The computer program according to the invention makes it possible to implement the method according to the invention in an existing electronic control unit, without having to make any structural changes thereto. For this purpose, it performs each step of the method according to the invention, in particular if it runs on a computing device or electronic control unit. The machine-readable storage medium according to the invention stores the computer program according to the invention.
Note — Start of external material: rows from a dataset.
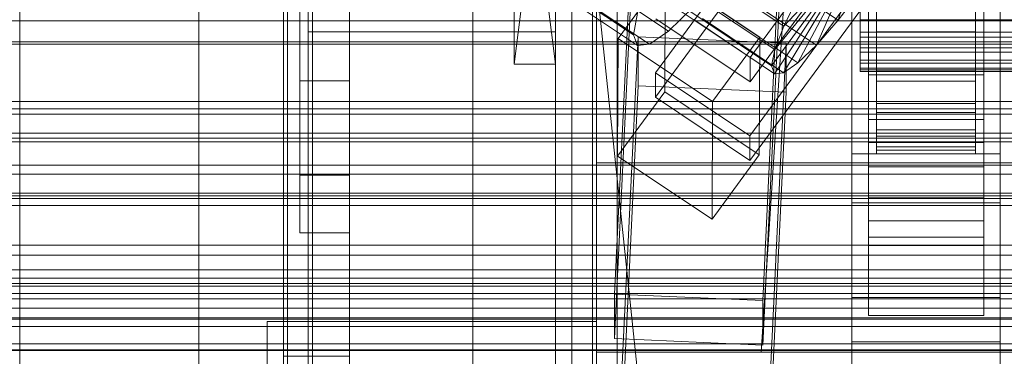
# Model space of a CAD drawing. Header units: millimetres. Extents: x -2233 to 61924, y -68080 to 6847.
# Tile 107 of 256: x -250 to -130, y -34886 to -34845. Entities that reach past the tile are written whole.
import ezdxf

# ---------------------------------------------------------------- set-up
doc = ezdxf.new("R2010")
doc.units = ezdxf.units.MM
for name, color, linetype, lineweight in [('COTAS_O', 1, 'Continuous', 0), ('COTAS_P', 1, 'Continuous', 0), ('frontal_bajante_movil', 7, 'Continuous', 0), ('frontal_C01', 7, 'Continuous', 0), ('frontal_C02', 7, 'Continuous', 0), ('frontal_C03', 7, 'Continuous', 0), ('frontal_C05', 7, 'Continuous', 0), ('frontal_mezcladora', 7, 'Continuous', 0), ('frontal_secador', 7, 'Continuous', 0)]:
    doc.layers.add(name, color=color, linetype=linetype, lineweight=lineweight)
doc.dimstyles.new('R19_100', dxfattribs={"dimtxt": 250, "dimasz": 150, "dimexe": 150, "dimexo": 80, "dimgap": 100, "dimtad": 1, "dimtih": 1, "dimtoh": 1, "dimdsep": 46, "dimcen": 0.09, "dimadec": 0, "dimazin": 0, "dimtfac": 1, "dimtdec": 4, "dimtofl": 0, "dimtmove": 0, "dimatfit": 3, "dimfxl": 1, "dimtolj": 1, "dimtzin": 0, "dimarcsym": 0})

# ---------------------------------------------------------------- blocks, each defined once
blk = doc.blocks.new('DIM_R28_48')
at = {"layer": 'COTAS_P'}
for p, q in [((-1750, -34600), (-1600, -34555)), ((2600, -34600), (2450, -34555)), ((-1750, -35500), (-1750, -34600)), ((-1750, -34600), (2600, -34600)), ((-1750, -34600), (-1600, -34645)), ((2600, -34600), (2450, -34645)), ((2600, -35500), (2600, -34600))]:
    blk.add_line(p, q, dxfattribs=at)
blk.add_text('4350 P', height=250, dxfattribs=at).set_placement((425, -34500))
blk = doc.blocks.new('DIM_R28_50')
at = {"layer": 'COTAS_P'}
for p, q in [((1705.78, -34504.95), (1551.9, -34475.9)), ((-194.22, -34704.95), (1705.78, -34504.95)), ((1705.78, -34504.95), (1561.32, -34565.4)), ((1800, -35400), (1705.78, -34504.95)), ((-194.22, -34704.95), (-49.75, -34644.49)), ((-100, -35600), (-194.22, -34704.95)), ((-194.22, -34704.95), (-40.33, -34734))]:
    blk.add_line(p, q, dxfattribs=at)
blk.add_text('1910.5 P', height=250, rotation=6.009, dxfattribs=at).set_placement((745.32, -34505.49))
blk = doc.blocks.new('DIM_R28_53')
at = {"layer": 'COTAS_P'}
for p, q in [((-150, -32300), (550, -32300)), ((550, -32300), (505, -32450)), ((550, -34900), (550, -32300)), ((550, -32300), (595, -32450)), ((550, -34900), (505, -34750)), ((550, -34900), (595, -34750)), ((-150, -34900), (550, -34900))]:
    blk.add_line(p, q, dxfattribs=at)
blk.add_text('2600 P', height=250, rotation=90, dxfattribs=at).set_placement((450, -33600))
blk = doc.blocks.new('DIM_R28_55')
at = {"layer": 'COTAS_O'}
for p, q in [((-650, -33700), (50, -33700)), ((50, -33700), (5, -33850)), ((50, -34900), (50, -33700)), ((50, -33700), (95, -33850)), ((50, -34900), (5, -34750)), ((50, -34900), (95, -34750)), ((-650, -34900), (50, -34900))]:
    blk.add_line(p, q, dxfattribs=at)
blk.add_text('1200 O', height=250, rotation=90, dxfattribs=at).set_placement((-50, -34300))
blk = doc.blocks.new('DIM_R28_56')
at = {"layer": 'COTAS_O'}
for p, q in [((-650, -34200), (-500, -34155)), ((650, -34200), (500, -34155)), ((-650, -34900), (-650, -34200)), ((-650, -34200), (650, -34200)), ((-650, -34200), (-500, -34245)), ((650, -34200), (500, -34245)), ((650, -34900), (650, -34200))]:
    blk.add_line(p, q, dxfattribs=at)
blk.add_text('1300 O', height=250, dxfattribs=at).set_placement((0, -34100))
blk = doc.blocks.new('DIM_R28_61')
at = {"layer": 'COTAS_P'}
for p, q in [((-305, -34680), (395, -34680)), ((395, -34680), (350, -34830)), ((395, -36000), (395, -34680)), ((395, -34680), (440, -34830)), ((395, -36000), (350, -35850)), ((395, -36000), (440, -35850)), ((-305, -36000), (395, -36000))]:
    blk.add_line(p, q, dxfattribs=at)
blk.add_text('1320 P', height=250, rotation=90, dxfattribs=at).set_placement((295, -35340))

msp = doc.modelspace()

# ---------------------------------------------------------------- linework, layer by layer
at = {"layer": 'frontal_bajante_movil'}
for p, q in [((-195, -35227.232), (-195, -34680)), ((-183, -34680), (-183, -35227.232)), ((-180, -35227.232), (-180, -34680)), ((-195, -34682.819), (-195, -35230.051)), ((-183, -35230.051), (-183, -34682.819)), ((-215, -35355.689), (-215, -34808.457)), ((-215, -34846.045), (-215, -34808.457)), ((-185, -34808.457), (-185, -35355.689)), ((-185, -34808.457), (-185, -34846.045)), ((-183, -35356.81), (-183, -34809.578)), ((-180, -34809.578), (-180, -35356.81)), ((-190, -34850), (-190, -34810)), ((-190, -34810), (-185, -34850)), ((-190, -34850), (-185, -34810)), ((-185, -34810), (-185, -34850)), ((-180, -34885.505), (-180, -34810.919)), ((-183, -34891.143), (-183, -34816.557)), ((-180, -34816.557), (-180, -34891.143)), ((-183, -34819.376), (-183, -34893.962)), ((-190, -34850), (-190, -34827.5)), ((-185, -34827.5), (-185, -34850)), ((-190, -34850), (-190, -34828.278)), ((-185, -34828.278), (-185, -34850)), ((-190, -34850), (-190, -34829.122)), ((-185, -34829.122), (-185, -34850)), ((-190, -34830), (-190, -34850)), ((-190, -34830.878), (-190, -34850)), ((-185, -34850), (-185, -34830)), ((-185, -34850), (-185, -34830.878)), ((-190, -34831.722), (-190, -34850)), ((-185, -34850), (-185, -34831.722)), ((-190, -34832.5), (-190, -34850)), ((-190, -34833.182), (-190, -34850)), ((-185, -34850), (-185, -34832.5)), ((-185, -34850), (-185, -34833.182)), ((-190, -34833.742), (-190, -34850)), ((-190, -34834.157), (-190, -34850)), ((-190, -34834.414), (-190, -34850)), ((-190, -34834.5), (-190, -34850)), ((-185, -34850), (-185, -34833.742)), ((-185, -34850), (-185, -34834.157)), ((-185, -34850), (-185, -34834.414)), ((-185, -34850), (-185, -34834.5)), ((-215, -34846.045), (-215, -35393.277)), ((-185, -34846.045), (-215, -34846.045)), ((-185, -35393.277), (-185, -34846.045)), ((-190, -34850), (-185, -34850)), ((-220, -34881.262), (-220, -34895.821)), ((-220, -34903.821), (-220, -34881.262)), ((-220, -34881.262), (-180, -34881.262)), ((-180, -34895.821), (-180, -34881.262)), ((-180, -34881.262), (-180, -34903.821))]:
    msp.add_line(p, q, dxfattribs=at)
at = {"layer": 'frontal_C01'}
for p, q in [((-250, -33373.251), (-250, -35948.844)), ((-250, -35953.656), (-250, -33378.064)), ((-228.298, -34716.493), (-228.298, -34979.106)), ((-228.298, -34984.887), (-228.298, -34722.274)), ((-177.811, -34877.936), (-174.943, -34818.147)), ((-156.962, -34818.947), (-159.83, -34878.735)), ((-177.811, -34883.329), (-174.943, -34823.54)), ((-159.83, -34884.129), (-156.962, -34824.34)), ((-149, -34878.334), (-149, -34832.497)), ((-131, -34832.497), (-131, -34878.334)), ((-149, -34883.726), (-149, -34837.889)), ((-131, -34883.726), (-131, -34837.889)), ((-147, -34838.352), (-147, -34851.294)), ((-133, -34851.294), (-133, -34838.352)), ((-147, -34841.664), (-147, -34851.294)), ((-133, -34851.294), (-133, -34841.664)), ((-147, -34851.294), (-133, -34851.294)), ((-425, -34873.219), (425, -34873.219)), ((-159.83, -34878.735), (-177.811, -34877.936)), ((-177.811, -34877.936), (-177.811, -34883.329)), ((-159.83, -34884.129), (-159.83, -34878.735)), ((-131, -34878.334), (-149, -34878.334)), ((-149, -34878.334), (-149, -34883.726)), ((-131, -34883.726), (-131, -34878.334)), ((-177.811, -34883.329), (-159.83, -34884.129)), ((-149, -34883.726), (-131, -34883.726)), ((425, -34884.775), (-425, -34884.775))]:
    msp.add_line(p, q, dxfattribs=at)
at = {"layer": 'frontal_C02'}
for p, q in [((-250, -32921.727), (-250, -35767.183)), ((-250, -35771.953), (-250, -32926.497)), ((-359.83, -34723.173), (-175.521, -34846.427)), ((-355.584, -34722.71), (-171.275, -34845.965)), ((-359.341, -34724.456), (-175.032, -34847.71)), ((-357.893, -34724.298), (-173.584, -34847.553)), ((-228.298, -34746.19), (-228.298, -35036.685)), ((-228.298, -35042.415), (-228.298, -34751.921)), ((-133.809, -34811.646), (-161.341, -34849.168)), ((-172.847, -34851.037), (-145.315, -34813.514)), ((-147, -34859.507), (-147, -34813.688)), ((-133, -34813.688), (-133, -34859.507)), ((-161.353, -34852.149), (-133.821, -34814.626)), ((-145.327, -34816.495), (-172.859, -34854.017)), ((-147, -34816.669), (-147, -34862.487)), ((-133, -34862.487), (-133, -34816.669)), ((-133.847, -34821.183), (-161.379, -34858.706)), ((-147, -34869.044), (-147, -34823.226)), ((-133, -34823.226), (-133, -34869.044)), ((-161.391, -34861.686), (-133.859, -34824.164)), ((-147, -34826.207), (-147, -34872.025)), ((-133, -34872.025), (-133, -34826.207)), ((-160.518, -34838.077), (-150.688, -34844.651)), ((-177.394, -34846.859), (-171.658, -34839.042)), ((-171.715, -34853.348), (-171.658, -34839.042)), ((-171.658, -34839.042), (-160.19, -34846.711)), ((-167.102, -34838.794), (-157.272, -34845.368)), ((-157.272, -34845.368), (-152.311, -34840.088)), ((-150.688, -34844.651), (-149.192, -34839.749)), ((-161.341, -34849.168), (-172.809, -34841.499)), ((-168.196, -34841.644), (-158.366, -34848.217)), ((-163.144, -34841.094), (-153.314, -34847.667)), ((-158.366, -34848.217), (-152.829, -34841.438)), ((-157.272, -34845.368), (-155.535, -34841.835)), ((-153.314, -34847.667), (-150.436, -34841.177)), ((-147.868, -34841), (-150.688, -34844.651)), ((-146, -34841.126), (-146, -34846.066)), ((-134, -34846.066), (-134, -34841.126)), ((-168.263, -34843.056), (-171.275, -34845.965)), ((-158.743, -34850.189), (-153.008, -34842.372)), ((-158.378, -34851.149), (-152.835, -34842.827)), ((-157.295, -34851.031), (-152.321, -34842.771)), ((-155.567, -34849.843), (-151.503, -34842.208)), ((-148, -34844.585), (-148, -34842.27)), ((-146, -34842.27), (-146, -34844.585)), ((-146, -34847.565), (-146, -34842.678)), ((-134, -34844.585), (-134, -34842.27)), ((-134, -34842.678), (-134, -34847.565)), ((-175.521, -34846.427), (-175.016, -34843.792)), ((-168.573, -34843.616), (-158.743, -34850.189)), ((-165.397, -34843.27), (-155.567, -34849.843)), ((-148, -34843.874), (-148, -34846.08)), ((-146, -34846.08), (-146, -34843.874)), ((-146, -34843.874), (-146, -34846.066)), ((-134, -34846.066), (-134, -34843.874)), ((-134, -34843.874), (-134, -34846.08)), ((-172.821, -34844.48), (-161.353, -34852.149)), ((-168.208, -34844.575), (-158.378, -34851.149)), ((-167.125, -34844.457), (-157.295, -34851.031)), ((-158.366, -34848.217), (-157.272, -34845.368)), ((-150.688, -34844.651), (-153.314, -34847.667)), ((-148, -34846.717), (-148, -34844.585)), ((-148, -34844.585), (148, -34844.585)), ((-146, -34844.585), (-146, -34847.565)), ((-134, -34844.585), (-146, -34844.585)), ((-146, -34844.585), (-146, -34846.717)), ((-134, -34847.565), (-134, -34844.585)), ((-134, -34846.717), (-134, -34844.585)), ((-177.811, -34905.918), (-174.943, -34846.652)), ((-175.032, -34847.71), (-175.521, -34846.427)), ((-174.943, -34852.614), (-174.943, -34846.652)), ((-174.943, -34846.652), (-156.962, -34847.445)), ((-171.275, -34845.965), (-173.584, -34847.553)), ((-148, -34846.08), (-148, -34848.001)), ((-148, -34846.08), (148, -34846.08)), ((-146, -34846.066), (-146, -34850.722)), ((-146, -34846.066), (-134, -34846.066)), ((-146, -34848.001), (-146, -34846.08)), ((-146, -34846.08), (-146, -34850.722)), ((-134, -34846.08), (-146, -34846.08)), ((-134, -34850.722), (-134, -34846.066)), ((-134, -34850.722), (-134, -34846.08)), ((-134, -34846.08), (-134, -34848.001)), ((-177.394, -34846.859), (-177.451, -34861.165)), ((-165.926, -34854.528), (-177.394, -34846.859)), ((-173.584, -34847.553), (-175.032, -34847.71)), ((-160.19, -34846.711), (-165.926, -34854.528)), ((-160.19, -34846.711), (-160.247, -34861.017)), ((-156.962, -34847.445), (-159.83, -34906.711)), ((-156.962, -34847.445), (-156.962, -34853.407)), ((-153.314, -34847.667), (-155.567, -34849.843)), ((-148, -34848.521), (-148, -34846.717)), ((-148, -34846.717), (148, -34846.717)), ((-146, -34846.717), (-146, -34852.066)), ((-134, -34846.717), (-146, -34846.717)), ((-146, -34846.717), (-146, -34848.521)), ((-146, -34847.565), (-134, -34847.565)), ((-146, -34852.066), (-146, -34847.565)), ((-134, -34852.066), (-134, -34846.717)), ((-134, -34848.521), (-134, -34846.717)), ((-134, -34847.565), (-134, -34852.066)), ((-158.743, -34850.189), (-158.366, -34848.217)), ((-148, -34848.001), (-148, -34849.506)), ((-148, -34848.001), (148, -34848.001)), ((-148, -34849.874), (-148, -34848.521)), ((-148, -34848.521), (148, -34848.521)), ((-146, -34849.506), (-146, -34848.001)), ((-146, -34848.001), (-146, -34854.777)), ((-134, -34848.001), (-146, -34848.001)), ((-146, -34848.521), (-146, -34855.875)), ((-134, -34848.521), (-146, -34848.521)), ((-146, -34848.521), (-146, -34849.874)), ((-134, -34854.777), (-134, -34848.001)), ((-134, -34848.001), (-134, -34849.506)), ((-134, -34855.875), (-134, -34848.521)), ((-134, -34849.874), (-134, -34848.521)), ((-161.353, -34852.149), (-161.341, -34849.168)), ((-158.378, -34851.149), (-158.743, -34850.189)), ((-155.567, -34849.843), (-157.295, -34851.031)), ((-148, -34849.506), (-148, -34850.493)), ((-148, -34849.506), (148, -34849.506)), ((-148, -34850.683), (-148, -34849.874)), ((-148, -34849.874), (148, -34849.874)), ((-146, -34850.493), (-146, -34849.506)), ((-146, -34849.506), (-146, -34857.955)), ((-134, -34849.506), (-146, -34849.506)), ((-146, -34849.874), (-146, -34858.731)), ((-134, -34849.874), (-146, -34849.874)), ((-146, -34849.874), (-146, -34850.683)), ((-134, -34857.955), (-134, -34849.506)), ((-134, -34849.506), (-134, -34850.493)), ((-134, -34858.731), (-134, -34849.874)), ((-134, -34850.683), (-134, -34849.874)), ((-172.847, -34851.037), (-172.859, -34854.017)), ((-161.379, -34858.706), (-172.847, -34851.037)), ((-157.295, -34851.031), (-158.378, -34851.149)), ((-148, -34850.493), (-148, -34850.895)), ((-148, -34850.493), (148, -34850.493)), ((-148, -34850.895), (-148, -34850.683)), ((-148, -34850.683), (148, -34850.683)), ((-148, -34850.895), (148, -34850.895)), ((-146, -34850.895), (-146, -34850.493)), ((-146, -34850.493), (-146, -34860.039)), ((-134, -34850.493), (-146, -34850.493)), ((-146, -34850.683), (-146, -34860.44)), ((-134, -34850.683), (-146, -34850.683)), ((-146, -34850.683), (-146, -34850.895)), ((-146, -34850.722), (-146, -34854.777)), ((-146, -34850.722), (-134, -34850.722)), ((-146, -34850.895), (-146, -34860.886)), ((-134, -34850.895), (-146, -34850.895)), ((-134, -34860.039), (-134, -34850.493)), ((-134, -34850.493), (-134, -34850.895)), ((-134, -34860.44), (-134, -34850.683)), ((-134, -34850.895), (-134, -34850.683)), ((-134, -34854.777), (-134, -34850.722)), ((-134, -34860.886), (-134, -34850.895)), ((-177.811, -34911.88), (-174.943, -34852.614)), ((-156.962, -34853.407), (-174.943, -34852.614)), ((-146, -34852.066), (-134, -34852.066)), ((-146, -34855.875), (-146, -34852.066)), ((-134, -34852.066), (-134, -34855.875)), ((-171.715, -34853.348), (-177.451, -34861.165)), ((-160.247, -34861.017), (-171.715, -34853.348)), ((-159.83, -34912.673), (-156.962, -34853.407)), ((-172.859, -34854.017), (-161.391, -34861.686)), ((-165.983, -34868.834), (-165.926, -34854.528)), ((-146, -34854.777), (-146, -34857.955)), ((-146, -34854.777), (-134, -34854.777)), ((-134, -34857.955), (-134, -34854.777)), ((-146, -34855.875), (-134, -34855.875)), ((-146, -34858.731), (-146, -34855.875)), ((-134, -34855.875), (-134, -34858.731)), ((-147, -34871.01), (-147, -34856.703)), ((-147, -34856.703), (-133, -34856.703)), ((-147, -34866.249), (-147, -34856.703)), ((-133, -34856.703), (-133, -34871.01)), ((-133, -34856.703), (-133, -34866.249)), ((-146, -34857.955), (-146, -34860.039)), ((-146, -34857.955), (-134, -34857.955)), ((-134, -34860.039), (-134, -34857.955)), ((-161.391, -34861.686), (-161.379, -34858.706)), ((-133, -34859.507), (-147, -34859.507)), ((-147, -34859.507), (-147, -34862.487)), ((-146, -34858.731), (-134, -34858.731)), ((-146, -34860.44), (-146, -34858.731)), ((-134, -34858.731), (-134, -34860.44)), ((-133, -34862.487), (-133, -34859.507)), ((-165.983, -34868.834), (-160.247, -34861.017)), ((-149, -34866.837), (-149, -34860.876)), ((-149, -34860.876), (-131, -34860.876)), ((-149, -34906.313), (-149, -34860.876)), ((-146, -34860.039), (-146, -34860.886)), ((-146, -34860.039), (-134, -34860.039)), ((-146, -34860.44), (-134, -34860.44)), ((-146, -34860.886), (-146, -34860.44)), ((-146, -34860.886), (-134, -34860.886)), ((-134, -34860.886), (-134, -34860.039)), ((-134, -34860.44), (-134, -34860.886)), ((-131, -34860.876), (-131, -34866.837)), ((-131, -34860.876), (-131, -34906.313)), ((-177.451, -34861.165), (-165.983, -34868.834)), ((-147, -34862.487), (-133, -34862.487)), ((-131, -34866.837), (-149, -34866.837)), ((-149, -34912.274), (-149, -34866.837)), ((-133, -34866.249), (-147, -34866.249)), ((-147, -34866.249), (-147, -34880.555)), ((-133, -34880.555), (-133, -34866.249)), ((-131, -34912.274), (-131, -34866.837)), ((-133, -34869.044), (-147, -34869.044)), ((-147, -34869.044), (-147, -34872.025)), ((-133, -34872.025), (-133, -34869.044)), ((-133, -34871.01), (-147, -34871.01)), ((-147, -34871.01), (-147, -34880.555)), ((-133, -34880.555), (-133, -34871.01)), ((-147, -34872.025), (-133, -34872.025)), ((-147, -34880.555), (-133, -34880.555))]:
    msp.add_line(p, q, dxfattribs=at)
at = {"layer": 'frontal_C03'}
for p, q in [((1250, -34844.727), (-1250, -34844.727)), ((1500, -34847.273), (-1500, -34847.273)), ((1500, -34847.558), (-1500, -34847.558)), ((1250, -34854.533), (-1250, -34854.533)), ((1250, -34855.415), (-1250, -34855.415)), ((1250, -34856.068), (-1250, -34856.068)), ((1250, -34858.375), (-1250, -34858.375)), ((-1500, -34858.967), (1500, -34858.967)), ((-1250, -34859.433), (1250, -34859.433)), ((1250, -34862.285), (-1250, -34862.285)), ((1250, -34863.342), (-1250, -34863.342)), ((1250, -34865.65), (-1250, -34865.65)), ((1250, -34866.303), (-1250, -34866.303)), ((1250, -34867.184), (-1250, -34867.184)), ((1250, -34876.991), (-1250, -34876.991)), ((1250, -34877.872), (-1250, -34877.872)), ((1250, -34878.526), (-1250, -34878.526)), ((1250, -34880.833), (-1250, -34880.833)), ((-1250, -34881.89), (1250, -34881.89)), ((1250, -34884.742), (-1250, -34884.742))]:
    msp.add_line(p, q, dxfattribs=at)
at = {"layer": 'frontal_C05'}
for p, q in [((-216, -34852), (-216, -34787)), ((-210, -34852), (-210, -34787)), ((-217.5, -35992), (-217.5, -34800)), ((-214.5, -34800), (-214.5, -35992)), ((-180.5, -34800), (-180.5, -35992)), ((-177.5, -35992), (-177.5, -34800)), ((-250, -34992), (-250, -34803.5)), ((-218, -34885.5), (-218, -34803.5)), ((-216, -34803.5), (-216, -34863.5)), ((-215, -34992), (-215, -34803.5)), ((-210, -34885.5), (-210, -34803.5)), ((-210, -34803.5), (-210, -34863.5)), ((-218, -34892.5), (-218, -34810.5)), ((-216, -34810.5), (-216, -34870.5)), ((-210, -34892.5), (-210, -34810.5)), ((-210, -34810.5), (-210, -34870.5)), ((-180, -34844.47), (-180, -34845.234)), ((-180, -34845.234), (-180, -34845.965)), ((-180, -34845.965), (-180, -34846.661)), ((-180, -34846.661), (-180, -34847.321)), ((-180, -34847.321), (-180, -34847.943)), ((-180, -34847.943), (-180, -34848.525)), ((-180, -34848.525), (-180, -34849.066)), ((-180, -34849.066), (-180, -34849.564)), ((-180, -34849.564), (-180, -34850.019)), ((-180, -34850.019), (-180, -34850.43)), ((-180, -34850.43), (-180, -34850.794)), ((-180, -34850.794), (-180, -34851.111)), ((-180, -34851.111), (-180, -34851.382)), ((-180, -34851.382), (-180, -34851.603)), ((-216, -34852), (-210, -34852)), ((-180, -34851.603), (-180, -34851.777)), ((-180, -34851.777), (-180, -34851.901)), ((-180, -34851.901), (-180, -34851.975)), ((-180, -34851.975), (-180, -34852)), ((-210, -34863.5), (-216, -34863.5)), ((-210, -34870.5), (-216, -34870.5)), ((-218, -34885.5), (-210, -34885.5))]:
    msp.add_line(p, q, dxfattribs=at)
at = {"layer": 'frontal_mezcladora'}
for p, q in [((-160, -34885), (-150, -34730)), ((-180, -34862), (180, -34862)), ((-180, -34884), (-180, -34862)), ((-600, -34875), (600, -34875)), ((-180, -34884), (180, -34884)), ((-180, -34885), (180, -34885)), ((-180, -34915), (-180, -34885)), ((-160, -34885), (160, -34885))]:
    msp.add_line(p, q, dxfattribs=at)
at = {"layer": 'frontal_secador'}
for p, q in [((-1250, -34866), (1250, -34866)), ((-1250, -34872), (1250, -34872)), ((-1250, -34875), (1250, -34875)), ((1250, -34876), (-1250, -34876)), ((-1250, -34876.659), (1250, -34876.659)), ((1250, -34879.659), (-1250, -34879.659)), ((-1250, -34881), (1250, -34881)), ((1250, -34884), (-1250, -34884)), ((-1250, -34884.728), (1250, -34884.728))]:
    msp.add_line(p, q, dxfattribs=at)

# ---------------------------------------------------------------- dimensions: what is measured, and where the dimension line sits
at = {"layer": 'COTAS_O'}
for p2, distance, picture, middle in [((-650, -33700), -700, 'DIM_R28_55', (50, -34300)), ((650, -34900), 700, 'DIM_R28_56', (0, -34200))]:
    dim = msp.add_aligned_dim(p1=(-650, -34900), p2=p2, distance=distance, text='<> O', dimstyle='R19_100', dxfattribs=at)
    dim.commit()
    dim.dimension.update_dxf_attribs({"geometry": picture, "text_midpoint": middle})
at = {"layer": 'COTAS_P'}
for p1, p2, distance, picture, middle in [((-150, -34900), (-150, -32300), -700, 'DIM_R28_53', (550, -33600)), ((-100, -35600), (1800, -35400), 900, 'DIM_R28_50', (755.784, -34604.945)), ((-1750, -35500), (2600, -35500), 900, 'DIM_R28_48', (425, -34600)), ((-305, -36000), (-305, -34680), -700, 'DIM_R28_61', (395, -35340))]:
    dim = msp.add_aligned_dim(p1=p1, p2=p2, distance=distance, text='<> P', dimstyle='R19_100', dxfattribs=at)
    dim.commit()
    dim.dimension.update_dxf_attribs({"geometry": picture, "text_midpoint": middle})

doc.saveas('drawing.dxf')

By loading the computer program according to the invention onto an electronic control unit, the electronic control unit according to the invention is obtained, which is set up to carry out a diagnosis of a sensor in an exhaust gas tract of a motor vehicle by means of the method according to the invention.

Brief description of the drawings

Embodiments of the invention are illustrated in the drawings and explained in more detail in the following description.

1 shows a flowchart of a first embodiment of the method according to the invention.

2 schematically shows the identification and classification of a driver in an embodiment of the method according to the invention.

3 shows a flowchart of another embodiment of the method according to the invention.

4 shows a flowchart of another embodiment of the method according to the invention.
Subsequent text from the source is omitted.